Hafnaoui Ghoul, correspondent for the daily El-Yum in Djelfa (270 km south of Algiers) and a human rights activist, was imprisoned for six months for supposed libel. He was unexpectedly freed conditionally last 25 November after a visit by President Abdelaziz Bouteflika to this remote part of the country. He was awarded the 2004 Reporters Without Borders – Fondation de France Prize.
I was sent to prison on 24 May 2004 just seven weeks after President Bouteflika's 2 April re-election after a campaign in which he boasted the country had made great progress towards democracy and freedom of expression. But his claims are just empty words. My imprisonment for libel was a new stage in the crackdown on public, political and trade union freedoms and on the media. The authorities think they can't survive unless they repress journalists and human rights activists.
In the past they've suspended many daily papers, including some of the most respected, such as Essahafa, Algérie Aujourd'hui, L'Opinion and El Hadath, as well as the weeklies Al-Maw'id, Lettre de l'Atlas, Coulisses and Nouveau Matin. Several dailies were suspended in 2003, officially because they were in debt but also because they'd irritated the authorities.
My show trial lasted three hours, on 24 May. Fourteen charges were made and I could see it'd all been illegally arranged in advance. While I was been in prison, four detention orders were issued in record time based on false accusations and invented evidence, especially after live TV statements by Bouteflika and the justice and information ministers.

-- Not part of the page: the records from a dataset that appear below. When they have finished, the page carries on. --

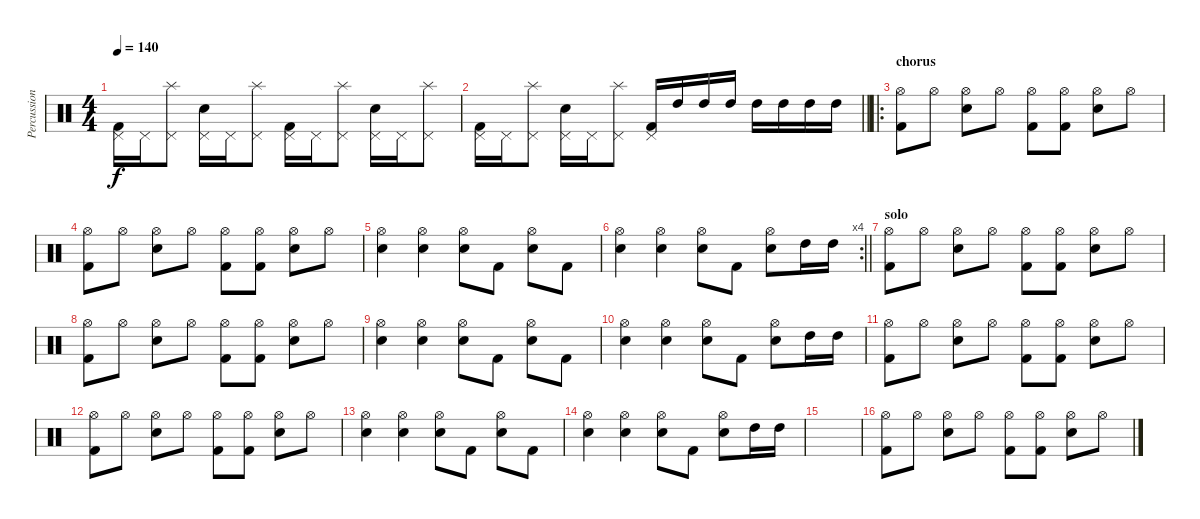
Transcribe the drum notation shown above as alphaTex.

\track ("Percussion" "Percussion") {instrument percussion}
\staff {score}
\articulation defaults
\ts (4 4)
\tempo 140
\clef neutral
\ks c
("Kick (hit) 2" "Pedal Hi-Hat (hit)").16{dy f} "Pedal Hi-Hat (hit)".16 ("Pedal Hi-Hat (hit)" "Splash (hit)").8 ("Snare (hit) 2" "Pedal Hi-Hat (hit)").16 "Pedal Hi-Hat (hit)".16 ("Pedal Hi-Hat (hit)" "Splash (hit)").8 ("Kick (hit) 2" "Pedal Hi-Hat (hit)").16 "Pedal Hi-Hat (hit)".16 ("Pedal Hi-Hat (hit)" "Splash (hit)").8 ("Snare (hit) 2" "Pedal Hi-Hat (hit)").16 "Pedal Hi-Hat (hit)".16 ("Pedal Hi-Hat (hit)" "Splash (hit)").8 |
\barLineRight lightlight
("Kick (hit) 2" "Pedal Hi-Hat (hit)").16 "Pedal Hi-Hat (hit)".16 ("Pedal Hi-Hat (hit)" "Splash (hit)").8 ("Snare (hit) 2" "Pedal Hi-Hat (hit)").16 "Pedal Hi-Hat (hit)".16 ("Pedal Hi-Hat (hit)" "Splash (hit)").8 ("Kick (hit) 2" "Pedal Hi-Hat (hit)").16 "High Tom (hit)".16 "High Tom (hit)".16 "High Tom (hit)".16 "High Tom (hit)".16 "High Tom (hit)".16 "High Tom (hit)".16 "High Tom (hit)".16 |
\ro
\section ("" "chorus")
("Kick (hit) 2" "Hi-Hat (open)").8 "Hi-Hat (open)".8 ("Snare (hit) 2" "Hi-Hat (open)").8 "Hi-Hat (open)".8 ("Kick (hit) 2" "Hi-Hat (open)").8 ("Kick (hit) 2" "Hi-Hat (open)").8 ("Snare (hit) 2" "Hi-Hat (open)").8 "Hi-Hat (open)".8 |
("Kick (hit) 2" "Hi-Hat (open)").8 "Hi-Hat (open)".8 ("Snare (hit) 2" "Hi-Hat (open)").8 "Hi-Hat (open)".8 ("Kick (hit) 2" "Hi-Hat (open)").8 ("Kick (hit) 2" "Hi-Hat (open)").8 ("Snare (hit) 2" "Hi-Hat (open)").8 "Hi-Hat (open)".8 |
("Snare (hit) 2" "Hi-Hat (open)").4 ("Snare (hit) 2" "Hi-Hat (open)").4 ("Snare (hit) 2" "Hi-Hat (open)").8 "Kick (hit) 2".8 ("Snare (hit) 2" "Hi-Hat (open)").8 "Kick (hit) 2".8 |
\rc 4
\barLineRight lightlight
("Snare (hit) 2" "Hi-Hat (open)").4 ("Snare (hit) 2" "Hi-Hat (open)").4 ("Snare (hit) 2" "Hi-Hat (open)").8 "Kick (hit) 2".8 ("Snare (hit) 2" "Hi-Hat (open)").8 "High Tom (hit)".16 "High Tom (hit)".16 |
\section ("" "solo")
("Kick (hit) 2" "Hi-Hat (open)").8 "Hi-Hat (open)".8 ("Snare (hit) 2" "Hi-Hat (open)").8 "Hi-Hat (open)".8 ("Kick (hit) 2" "Hi-Hat (open)").8 ("Kick (hit) 2" "Hi-Hat (open)").8 ("Snare (hit) 2" "Hi-Hat (open)").8 "Hi-Hat (open)".8 |
("Kick (hit) 2" "Hi-Hat (open)").8 "Hi-Hat (open)".8 ("Snare (hit) 2" "Hi-Hat (open)").8 "Hi-Hat (open)".8 ("Kick (hit) 2" "Hi-Hat (open)").8 ("Kick (hit) 2" "Hi-Hat (open)").8 ("Snare (hit) 2" "Hi-Hat (open)").8 "Hi-Hat (open)".8 |
("Snare (hit) 2" "Hi-Hat (open)").4 ("Snare (hit) 2" "Hi-Hat (open)").4 ("Snare (hit) 2" "Hi-Hat (open)").8 "Kick (hit) 2".8 ("Snare (hit) 2" "Hi-Hat (open)").8 "Kick (hit) 2".8 |
("Snare (hit) 2" "Hi-Hat (open)").4 ("Snare (hit) 2" "Hi-Hat (open)").4 ("Snare (hit) 2" "Hi-Hat (open)").8 "Kick (hit) 2".8 ("Snare (hit) 2" "Hi-Hat (open)").8 "High Tom (hit)".16 "High Tom (hit)".16 |
("Kick (hit) 2" "Hi-Hat (open)").8 "Hi-Hat (open)".8 ("Snare (hit) 2" "Hi-Hat (open)").8 "Hi-Hat (open)".8 ("Kick (hit) 2" "Hi-Hat (open)").8 ("Kick (hit) 2" "Hi-Hat (open)").8 ("Snare (hit) 2" "Hi-Hat (open)").8 "Hi-Hat (open)".8 |
("Kick (hit) 2" "Hi-Hat (open)").8 "Hi-Hat (open)".8 ("Snare (hit) 2" "Hi-Hat (open)").8 "Hi-Hat (open)".8 ("Kick (hit) 2" "Hi-Hat (open)").8 ("Kick (hit) 2" "Hi-Hat (open)").8 ("Snare (hit) 2" "Hi-Hat (open)").8 "Hi-Hat (open)".8 |
("Snare (hit) 2" "Hi-Hat (open)").4 ("Snare (hit) 2" "Hi-Hat (open)").4 ("Snare (hit) 2" "Hi-Hat (open)").8 "Kick (hit) 2".8 ("Snare (hit) 2" "Hi-Hat (open)").8 "Kick (hit) 2".8 |
("Snare (hit) 2" "Hi-Hat (open)").4 ("Snare (hit) 2" "Hi-Hat (open)").4 ("Snare (hit) 2" "Hi-Hat (open)").8 "Kick (hit) 2".8 ("Snare (hit) 2" "Hi-Hat (open)").8 "High Tom (hit)".16 "High Tom (hit)".16 |
|
("Kick (hit) 2" "Hi-Hat (open)").8 "Hi-Hat (open)".8 ("Snare (hit) 2" "Hi-Hat (open)").8 "Hi-Hat (open)".8 ("Kick (hit) 2" "Hi-Hat (open)").8 ("Kick (hit) 2" "Hi-Hat (open)").8 ("Snare (hit) 2" "Hi-Hat (open)").8 "Hi-Hat (open)".8

I'd overstepped the mark in the government's eyes. Rights activists and the Algerian Human Rights League (LADDH) have been calling for years for respect for basic rights. They denounce bureaucratic and police abuses and administrative incompetence. The regime relies at local level on shady businessmen and special interests protected by officials who claim to represent the government.
In my articles, I investigated the mysterious death of 13 babies at Djelfa hospital, the occasional use of torture by the authorities, the waste of public money and the humiliating and cowing of ordinary citizens.
This was the last straw for the authorities. The LADDH statements I wrote, my articles in various daily and weekly papers as well as magazines, plus some interviews in which I criticised the deplorable and disgraceful situation, all angered powerful local figures, who prefer to have corrupt journalists who praise them to the skies. Reporting the facts honestly is very dangerous in Algeria. I realised this as I moved from paper to paper. I felt the injustice and pain suffered by ordinary people.
I suffered it myself when I was hauled into court and during six months of being moved from prison to prison waiting for legal decisions. However, I was also able to see at first hand what jail conditions were like and how prisoners were treated. I truly realised the extent of the mental and physical suffering of my compatriots.